Step 1: The Fundamental Theorem of Calculus, Part 1.

If \(f\)is continuous on \({\rm{(a, b)}}\), then the function \({\rm{g}}\) is defined by \(g(x) = \int_a^x f (t)dt,a \le x \le b\)is an anti-derivative of \(f\), that is, \({g^\prime }(x) = f(x)\)for \({\rm{a < x < b}}\).

 Step 2: Use The Fundamental Theorem of Calculus for calculation.

The given function is \(y = \int_0^{\tan x} {\sqrt {t + \sqrt t } } dt\).

Obtain the derivative of the function \(y = \int_0^{\tan x} {\sqrt {t + \sqrt t } } dt\), using the above-mentioned theorem as follows.
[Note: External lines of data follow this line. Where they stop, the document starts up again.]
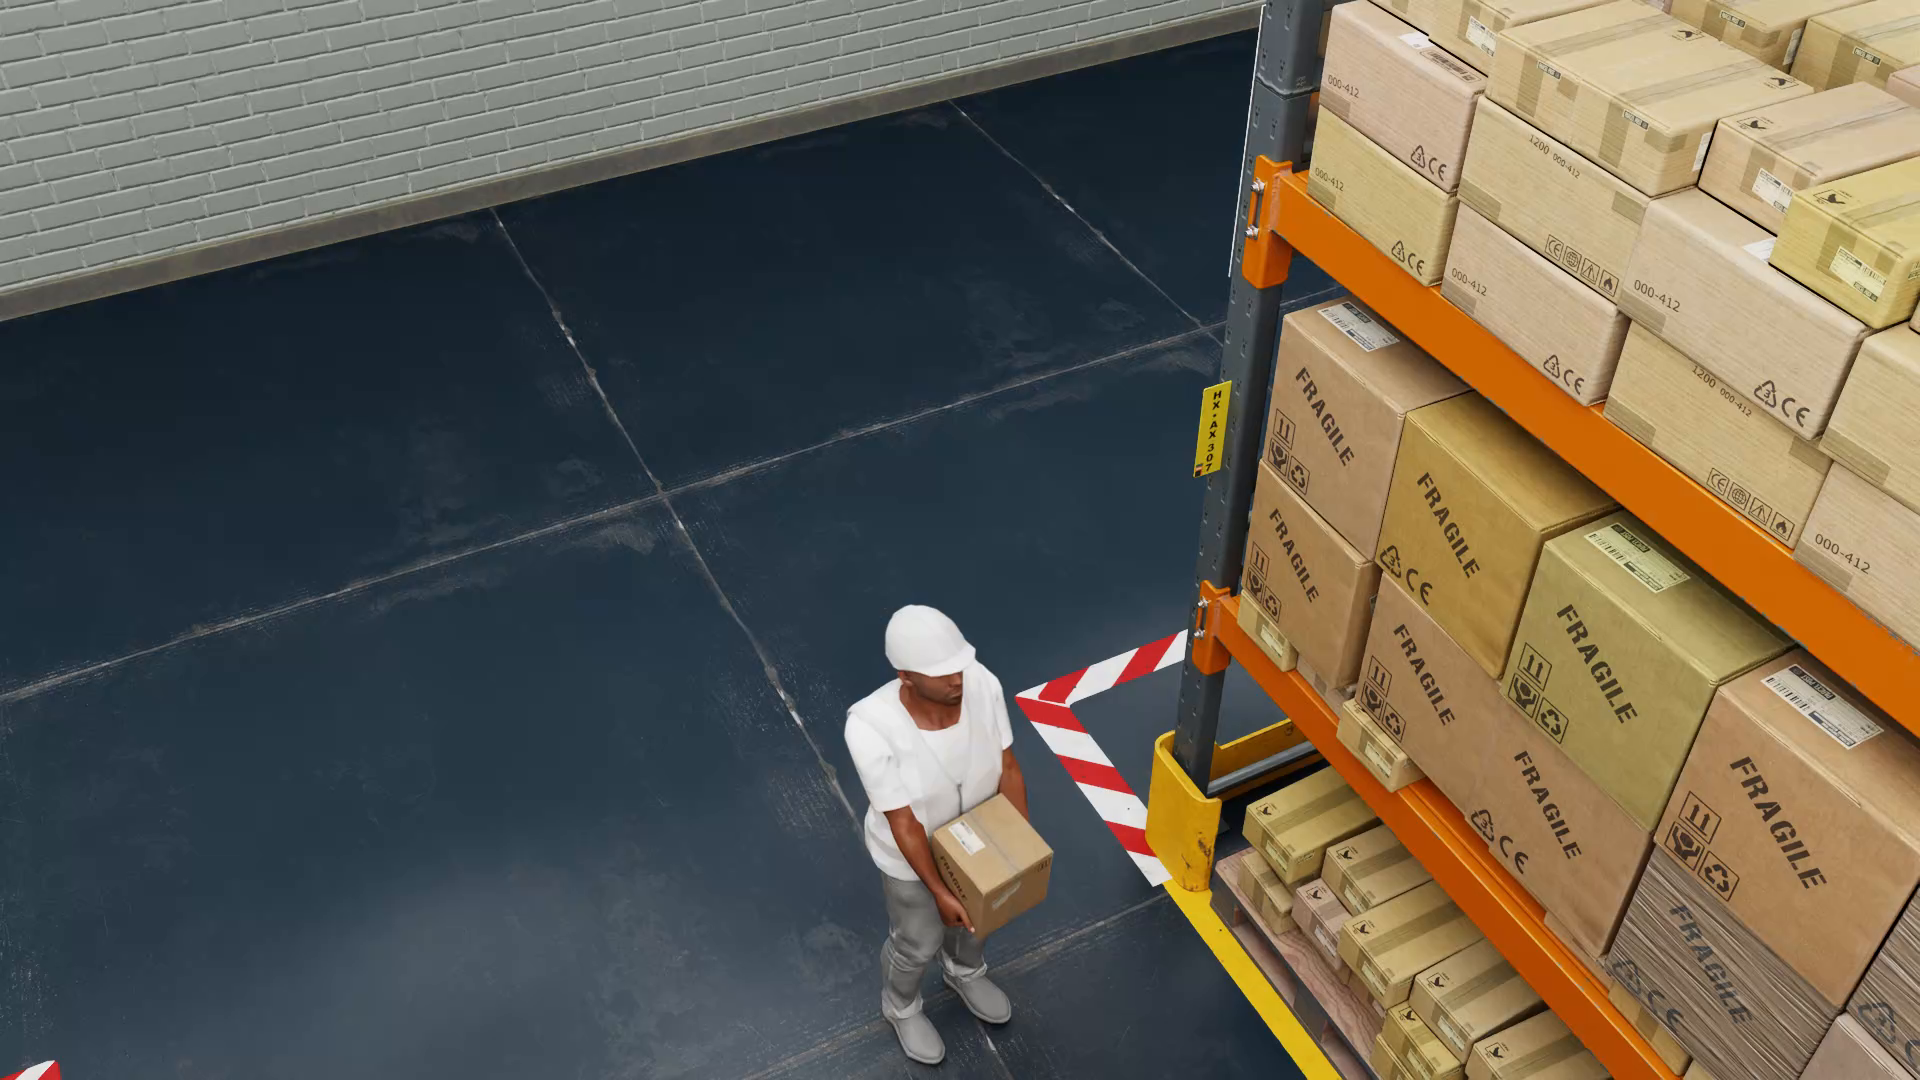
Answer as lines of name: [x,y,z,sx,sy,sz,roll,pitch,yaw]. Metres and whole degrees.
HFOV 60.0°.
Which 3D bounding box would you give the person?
person: [-0.012,0.958,5.043,0.502,1.761,0.577,-26,47,-27]
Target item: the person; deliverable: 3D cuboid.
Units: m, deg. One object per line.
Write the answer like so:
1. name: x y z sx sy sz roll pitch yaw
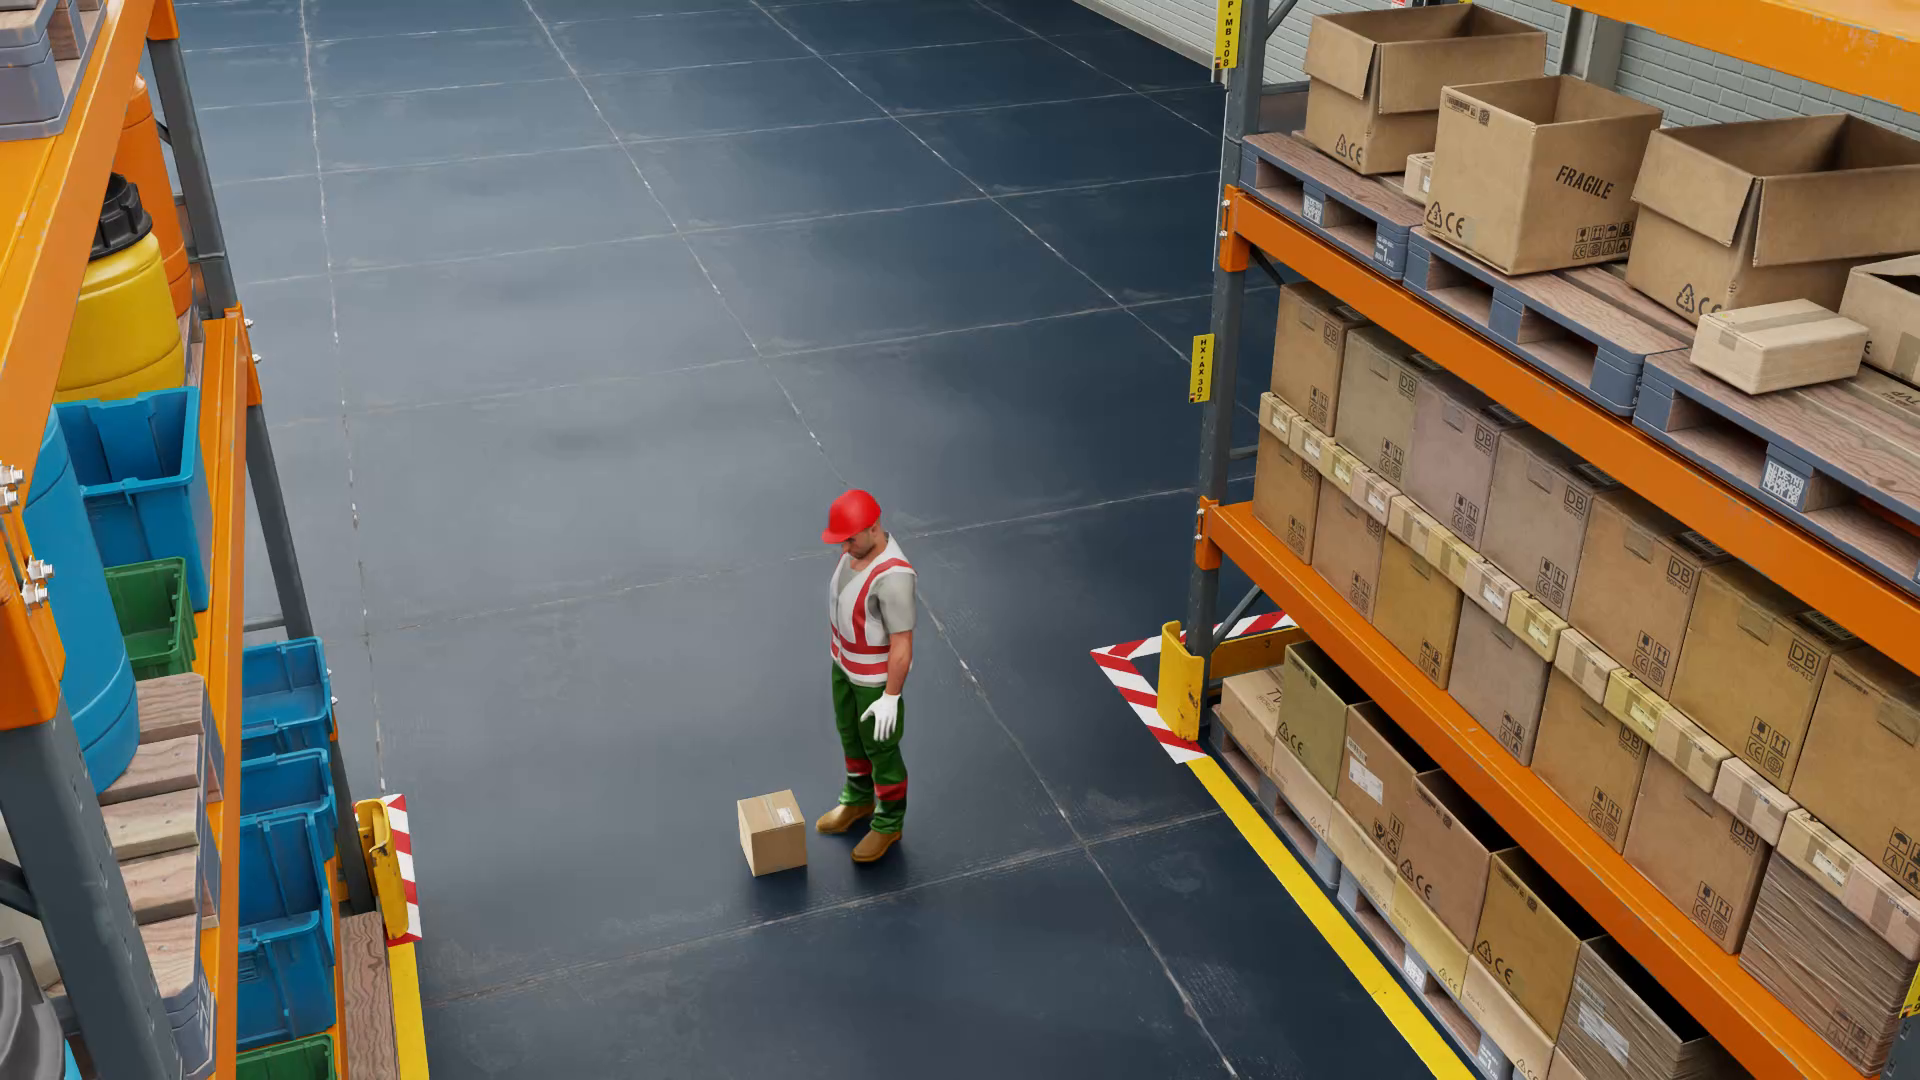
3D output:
1. person: -0.413 0.596 7.260 0.402 1.816 0.688 -16 33 -25

As per the fundamental theorem of calculus, if for \(a\) continuous function \(f\), \(g(x) = \int_a^x f (t)dt\), then \({g^\prime }(x) = f(x)\).

Therefore, by comparing the given function with the theorem, it is obtained that, \({\rm{g(x) = y}}\) and \(f(t) = \sqrt {t + \sqrt t } \). Then, \({y^\prime }(x) = f(x)\).

Therefore, by applying the above-mentioned theorem, the derivative of \(y\)is obtained as \({y^\prime }(x) = \sqrt {\tan x + \sqrt {\tan x} } \).

Therefore, the derivative of function \(y = \int_0^{\tan x} {\sqrt {t + \sqrt t } } dt\) is \(\sqrt {\tan x + \sqrt {\tan x} } \).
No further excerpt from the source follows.